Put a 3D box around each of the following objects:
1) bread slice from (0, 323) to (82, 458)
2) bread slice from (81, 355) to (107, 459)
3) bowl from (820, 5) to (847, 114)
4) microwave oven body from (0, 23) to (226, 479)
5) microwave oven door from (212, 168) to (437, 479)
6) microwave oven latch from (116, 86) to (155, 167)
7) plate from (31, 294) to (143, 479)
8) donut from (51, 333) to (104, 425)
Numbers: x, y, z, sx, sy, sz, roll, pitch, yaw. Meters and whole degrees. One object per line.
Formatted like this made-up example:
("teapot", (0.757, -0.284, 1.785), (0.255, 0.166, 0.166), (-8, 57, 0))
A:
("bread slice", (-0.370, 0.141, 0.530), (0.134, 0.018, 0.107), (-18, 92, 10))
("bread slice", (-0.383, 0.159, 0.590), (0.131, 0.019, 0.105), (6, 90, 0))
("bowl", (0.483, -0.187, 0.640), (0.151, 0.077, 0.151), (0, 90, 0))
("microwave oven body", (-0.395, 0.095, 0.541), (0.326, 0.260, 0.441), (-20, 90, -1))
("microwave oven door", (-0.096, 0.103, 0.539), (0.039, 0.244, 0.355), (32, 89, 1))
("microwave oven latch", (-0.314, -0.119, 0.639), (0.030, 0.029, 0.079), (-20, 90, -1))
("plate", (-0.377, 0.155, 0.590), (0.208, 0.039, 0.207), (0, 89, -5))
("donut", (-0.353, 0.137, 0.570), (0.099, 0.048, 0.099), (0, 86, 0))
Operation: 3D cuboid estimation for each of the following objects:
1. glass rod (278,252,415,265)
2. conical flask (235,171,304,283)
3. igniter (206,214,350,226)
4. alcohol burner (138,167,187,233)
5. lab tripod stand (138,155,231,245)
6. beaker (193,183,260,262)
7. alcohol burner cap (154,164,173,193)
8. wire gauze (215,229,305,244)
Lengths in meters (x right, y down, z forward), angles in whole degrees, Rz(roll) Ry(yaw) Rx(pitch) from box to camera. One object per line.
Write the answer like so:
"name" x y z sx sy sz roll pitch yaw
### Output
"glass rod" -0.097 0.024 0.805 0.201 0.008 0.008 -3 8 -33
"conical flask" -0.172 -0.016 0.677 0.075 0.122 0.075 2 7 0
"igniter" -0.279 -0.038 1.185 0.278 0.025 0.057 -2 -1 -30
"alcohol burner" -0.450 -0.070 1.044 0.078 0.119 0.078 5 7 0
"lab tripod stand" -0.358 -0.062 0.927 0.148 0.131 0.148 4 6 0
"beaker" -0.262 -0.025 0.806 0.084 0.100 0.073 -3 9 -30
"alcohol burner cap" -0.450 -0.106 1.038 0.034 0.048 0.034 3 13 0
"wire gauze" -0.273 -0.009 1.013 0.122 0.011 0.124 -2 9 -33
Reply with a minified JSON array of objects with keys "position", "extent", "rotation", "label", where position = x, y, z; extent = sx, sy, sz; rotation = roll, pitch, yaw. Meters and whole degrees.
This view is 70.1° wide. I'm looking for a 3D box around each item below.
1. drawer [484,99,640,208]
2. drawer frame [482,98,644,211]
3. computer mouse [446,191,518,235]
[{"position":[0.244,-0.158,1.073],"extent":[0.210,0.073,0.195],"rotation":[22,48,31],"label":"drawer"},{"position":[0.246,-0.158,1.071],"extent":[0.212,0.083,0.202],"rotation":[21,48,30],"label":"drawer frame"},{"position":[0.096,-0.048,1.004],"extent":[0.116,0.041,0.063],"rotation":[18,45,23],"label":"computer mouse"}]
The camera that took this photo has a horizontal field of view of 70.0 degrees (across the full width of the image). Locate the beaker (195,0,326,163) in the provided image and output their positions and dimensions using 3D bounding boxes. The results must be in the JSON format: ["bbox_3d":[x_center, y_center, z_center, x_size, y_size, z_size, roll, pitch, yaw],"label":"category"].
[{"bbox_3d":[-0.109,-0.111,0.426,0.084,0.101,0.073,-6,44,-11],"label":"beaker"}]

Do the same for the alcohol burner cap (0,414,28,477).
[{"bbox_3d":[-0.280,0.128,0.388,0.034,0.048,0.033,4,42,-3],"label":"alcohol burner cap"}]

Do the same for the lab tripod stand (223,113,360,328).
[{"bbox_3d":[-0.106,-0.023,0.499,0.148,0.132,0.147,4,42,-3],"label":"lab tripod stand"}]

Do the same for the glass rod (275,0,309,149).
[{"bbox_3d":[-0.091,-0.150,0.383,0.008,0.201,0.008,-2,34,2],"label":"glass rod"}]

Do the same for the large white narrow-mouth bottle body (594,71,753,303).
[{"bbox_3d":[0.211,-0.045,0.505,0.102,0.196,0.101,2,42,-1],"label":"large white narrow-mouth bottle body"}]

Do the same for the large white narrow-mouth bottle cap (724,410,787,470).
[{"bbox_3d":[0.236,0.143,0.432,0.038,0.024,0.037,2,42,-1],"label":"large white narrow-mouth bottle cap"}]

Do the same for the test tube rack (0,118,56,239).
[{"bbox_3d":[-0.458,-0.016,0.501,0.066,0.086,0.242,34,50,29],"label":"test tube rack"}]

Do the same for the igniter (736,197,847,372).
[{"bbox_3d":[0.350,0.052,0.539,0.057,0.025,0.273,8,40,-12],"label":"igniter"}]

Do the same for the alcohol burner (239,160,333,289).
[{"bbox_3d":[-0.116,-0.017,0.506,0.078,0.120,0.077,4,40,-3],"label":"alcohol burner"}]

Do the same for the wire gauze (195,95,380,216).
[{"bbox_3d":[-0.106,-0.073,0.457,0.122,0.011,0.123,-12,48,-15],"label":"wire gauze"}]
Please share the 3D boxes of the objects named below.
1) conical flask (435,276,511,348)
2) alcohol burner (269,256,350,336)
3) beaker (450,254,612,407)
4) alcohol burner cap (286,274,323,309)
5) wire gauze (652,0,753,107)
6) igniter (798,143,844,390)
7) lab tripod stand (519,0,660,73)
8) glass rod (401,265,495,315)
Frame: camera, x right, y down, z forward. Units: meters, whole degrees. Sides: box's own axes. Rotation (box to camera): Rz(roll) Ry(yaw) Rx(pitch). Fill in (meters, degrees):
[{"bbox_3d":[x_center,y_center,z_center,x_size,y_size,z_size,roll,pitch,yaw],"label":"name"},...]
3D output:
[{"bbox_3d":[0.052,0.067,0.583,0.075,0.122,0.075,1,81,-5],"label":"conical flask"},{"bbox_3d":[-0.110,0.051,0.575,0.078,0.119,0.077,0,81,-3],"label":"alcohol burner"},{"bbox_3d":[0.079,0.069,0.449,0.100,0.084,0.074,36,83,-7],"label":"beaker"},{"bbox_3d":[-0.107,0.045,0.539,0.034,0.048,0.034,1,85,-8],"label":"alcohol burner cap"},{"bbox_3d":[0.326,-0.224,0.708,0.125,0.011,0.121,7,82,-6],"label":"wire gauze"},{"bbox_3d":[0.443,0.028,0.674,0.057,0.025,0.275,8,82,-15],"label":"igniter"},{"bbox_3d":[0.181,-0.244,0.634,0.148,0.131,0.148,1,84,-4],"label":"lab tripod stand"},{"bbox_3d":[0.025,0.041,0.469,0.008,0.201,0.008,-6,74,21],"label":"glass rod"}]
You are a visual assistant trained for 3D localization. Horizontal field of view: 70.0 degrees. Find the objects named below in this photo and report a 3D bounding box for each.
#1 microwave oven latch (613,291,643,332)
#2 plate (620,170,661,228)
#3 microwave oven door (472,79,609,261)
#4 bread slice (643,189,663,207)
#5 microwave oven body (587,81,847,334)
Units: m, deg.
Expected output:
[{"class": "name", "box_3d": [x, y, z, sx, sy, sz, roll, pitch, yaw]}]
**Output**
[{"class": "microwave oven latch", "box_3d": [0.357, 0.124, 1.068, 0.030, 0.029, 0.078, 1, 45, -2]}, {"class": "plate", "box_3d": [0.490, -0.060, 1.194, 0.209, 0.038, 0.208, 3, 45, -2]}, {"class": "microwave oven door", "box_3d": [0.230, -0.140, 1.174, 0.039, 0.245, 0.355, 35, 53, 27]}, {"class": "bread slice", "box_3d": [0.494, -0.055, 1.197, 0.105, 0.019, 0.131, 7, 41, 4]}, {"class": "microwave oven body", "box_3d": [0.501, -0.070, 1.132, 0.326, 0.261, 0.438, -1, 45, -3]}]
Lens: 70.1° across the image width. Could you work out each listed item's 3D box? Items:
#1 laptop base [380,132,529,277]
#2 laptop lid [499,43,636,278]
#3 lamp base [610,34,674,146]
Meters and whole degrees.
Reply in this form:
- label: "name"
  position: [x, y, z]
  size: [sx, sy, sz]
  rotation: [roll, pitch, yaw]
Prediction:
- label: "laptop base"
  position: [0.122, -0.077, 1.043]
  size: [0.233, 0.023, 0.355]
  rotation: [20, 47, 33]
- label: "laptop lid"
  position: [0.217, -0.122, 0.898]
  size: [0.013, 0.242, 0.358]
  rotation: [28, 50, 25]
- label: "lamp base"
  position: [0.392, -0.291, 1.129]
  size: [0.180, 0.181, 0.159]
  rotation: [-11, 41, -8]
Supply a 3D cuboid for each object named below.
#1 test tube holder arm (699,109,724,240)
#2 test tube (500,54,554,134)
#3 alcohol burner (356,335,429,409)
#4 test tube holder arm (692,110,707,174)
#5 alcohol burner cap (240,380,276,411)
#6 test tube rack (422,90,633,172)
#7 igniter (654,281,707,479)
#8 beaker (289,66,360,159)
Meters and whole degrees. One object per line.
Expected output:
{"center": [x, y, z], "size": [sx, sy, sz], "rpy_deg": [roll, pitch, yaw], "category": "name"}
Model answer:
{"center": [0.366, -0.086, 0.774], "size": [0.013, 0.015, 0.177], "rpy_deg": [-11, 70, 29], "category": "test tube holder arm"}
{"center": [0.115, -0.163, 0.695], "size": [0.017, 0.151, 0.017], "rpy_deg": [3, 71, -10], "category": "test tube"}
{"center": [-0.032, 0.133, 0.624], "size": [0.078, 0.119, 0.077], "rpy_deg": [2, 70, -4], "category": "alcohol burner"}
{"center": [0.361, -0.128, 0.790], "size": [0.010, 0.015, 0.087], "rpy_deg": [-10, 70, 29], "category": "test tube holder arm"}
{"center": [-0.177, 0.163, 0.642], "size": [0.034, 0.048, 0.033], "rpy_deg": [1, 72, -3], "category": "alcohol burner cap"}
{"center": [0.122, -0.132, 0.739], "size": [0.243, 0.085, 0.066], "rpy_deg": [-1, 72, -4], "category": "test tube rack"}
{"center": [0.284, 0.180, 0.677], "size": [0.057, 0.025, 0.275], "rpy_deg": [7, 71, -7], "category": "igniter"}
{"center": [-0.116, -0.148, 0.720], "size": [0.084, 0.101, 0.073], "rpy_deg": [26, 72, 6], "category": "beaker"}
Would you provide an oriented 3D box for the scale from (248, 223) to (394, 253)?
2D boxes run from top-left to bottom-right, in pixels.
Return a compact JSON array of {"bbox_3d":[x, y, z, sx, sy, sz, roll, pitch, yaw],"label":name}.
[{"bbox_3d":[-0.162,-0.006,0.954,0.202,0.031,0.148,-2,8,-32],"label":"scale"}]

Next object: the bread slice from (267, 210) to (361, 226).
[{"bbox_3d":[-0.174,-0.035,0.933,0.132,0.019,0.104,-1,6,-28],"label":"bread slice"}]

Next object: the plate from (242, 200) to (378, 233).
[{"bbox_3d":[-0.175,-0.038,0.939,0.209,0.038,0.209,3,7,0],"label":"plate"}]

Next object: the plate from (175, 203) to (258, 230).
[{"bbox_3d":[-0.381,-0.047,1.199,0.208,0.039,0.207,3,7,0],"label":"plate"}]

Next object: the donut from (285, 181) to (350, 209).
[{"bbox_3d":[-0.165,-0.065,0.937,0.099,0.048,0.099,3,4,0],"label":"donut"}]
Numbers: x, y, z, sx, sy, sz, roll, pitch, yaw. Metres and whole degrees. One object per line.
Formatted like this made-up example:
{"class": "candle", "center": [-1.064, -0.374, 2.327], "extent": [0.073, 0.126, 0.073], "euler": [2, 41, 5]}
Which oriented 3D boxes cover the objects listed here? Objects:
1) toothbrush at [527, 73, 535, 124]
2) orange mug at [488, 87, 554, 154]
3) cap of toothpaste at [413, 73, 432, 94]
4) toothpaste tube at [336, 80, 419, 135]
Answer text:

───

◆ What to do: Print, exactly as they appear above, the lines running from the one with "3) cap of toothpaste at [413, 73, 432, 94]" through the final line.

◆ Result of this exercise:
3) cap of toothpaste at [413, 73, 432, 94]
4) toothpaste tube at [336, 80, 419, 135]
Answer text:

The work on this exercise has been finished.